OK so once again I've highlighted a couple of noteworthy things here. The first highlighted line,
jne main+97
corresponds with the 'if' statement in the C code, which checks to make sure that the
file was opened successfully.
The jump is taken, because the file was loaded successfully with fopen()
. Immediately afterwards the
application executes the code which was within the 'do' block of the 'do while' loop. The first line is read
from the file with getline()
, and it's then printed to the terminal with printf()
.
After this, the application increments the i
variable, then compares the variable at
rbp-0x10
(the read
variable) with 0xfffffff or -1. If the value isn't -1 then the
application jumps back up to main+97, ready to read another line from the file.

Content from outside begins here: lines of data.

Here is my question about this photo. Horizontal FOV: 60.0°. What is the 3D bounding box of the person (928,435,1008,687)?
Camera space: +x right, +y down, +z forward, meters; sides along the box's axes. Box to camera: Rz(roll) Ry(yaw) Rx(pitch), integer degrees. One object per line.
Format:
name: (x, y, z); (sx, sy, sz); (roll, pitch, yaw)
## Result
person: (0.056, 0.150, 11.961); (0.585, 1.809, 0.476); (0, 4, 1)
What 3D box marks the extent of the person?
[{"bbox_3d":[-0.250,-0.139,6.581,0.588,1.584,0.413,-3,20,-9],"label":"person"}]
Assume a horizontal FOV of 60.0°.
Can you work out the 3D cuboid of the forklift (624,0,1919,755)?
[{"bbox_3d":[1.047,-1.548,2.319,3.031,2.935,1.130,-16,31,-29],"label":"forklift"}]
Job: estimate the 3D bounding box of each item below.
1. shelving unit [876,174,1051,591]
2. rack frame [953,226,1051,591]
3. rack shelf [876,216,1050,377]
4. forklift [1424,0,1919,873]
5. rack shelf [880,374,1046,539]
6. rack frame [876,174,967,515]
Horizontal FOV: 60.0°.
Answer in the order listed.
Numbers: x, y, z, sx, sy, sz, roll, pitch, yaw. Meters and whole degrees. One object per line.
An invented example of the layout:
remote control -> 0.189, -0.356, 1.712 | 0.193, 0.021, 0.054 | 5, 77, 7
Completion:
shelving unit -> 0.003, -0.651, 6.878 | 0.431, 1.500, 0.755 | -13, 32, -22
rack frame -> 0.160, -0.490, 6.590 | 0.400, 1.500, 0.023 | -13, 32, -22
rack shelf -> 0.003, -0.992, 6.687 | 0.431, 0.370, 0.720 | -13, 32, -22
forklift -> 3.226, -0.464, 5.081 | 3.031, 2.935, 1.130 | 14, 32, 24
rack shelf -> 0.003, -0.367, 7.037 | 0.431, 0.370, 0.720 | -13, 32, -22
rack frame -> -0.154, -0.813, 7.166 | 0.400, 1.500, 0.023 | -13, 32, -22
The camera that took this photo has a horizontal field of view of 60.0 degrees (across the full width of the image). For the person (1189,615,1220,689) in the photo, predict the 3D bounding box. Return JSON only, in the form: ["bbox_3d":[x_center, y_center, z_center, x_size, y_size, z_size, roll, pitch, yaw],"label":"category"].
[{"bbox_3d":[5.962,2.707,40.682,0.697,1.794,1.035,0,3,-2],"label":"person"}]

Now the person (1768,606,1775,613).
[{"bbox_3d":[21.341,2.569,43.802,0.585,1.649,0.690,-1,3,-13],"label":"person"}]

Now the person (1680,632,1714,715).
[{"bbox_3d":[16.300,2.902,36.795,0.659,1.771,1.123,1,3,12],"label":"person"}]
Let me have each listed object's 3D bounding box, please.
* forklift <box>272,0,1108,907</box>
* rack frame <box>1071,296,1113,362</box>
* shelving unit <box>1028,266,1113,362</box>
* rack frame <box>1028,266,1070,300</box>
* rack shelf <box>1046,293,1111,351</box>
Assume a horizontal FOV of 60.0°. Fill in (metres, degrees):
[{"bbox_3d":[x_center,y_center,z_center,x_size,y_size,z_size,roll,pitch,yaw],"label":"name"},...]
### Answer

It should be clear by now that loops in ASM are basically just intelligent uses of conditional jump statements. Code which jumps to lower addresses is a solid indicator of the presence of a loop, because there aren't many other reasons for an application to jump backwards in code.
The next lesson is going to cover a couple of small gaps in our knowledge, floating point numbers specifically. After this lesson you'll be ready to work through the x64 challenge applications which I've provided!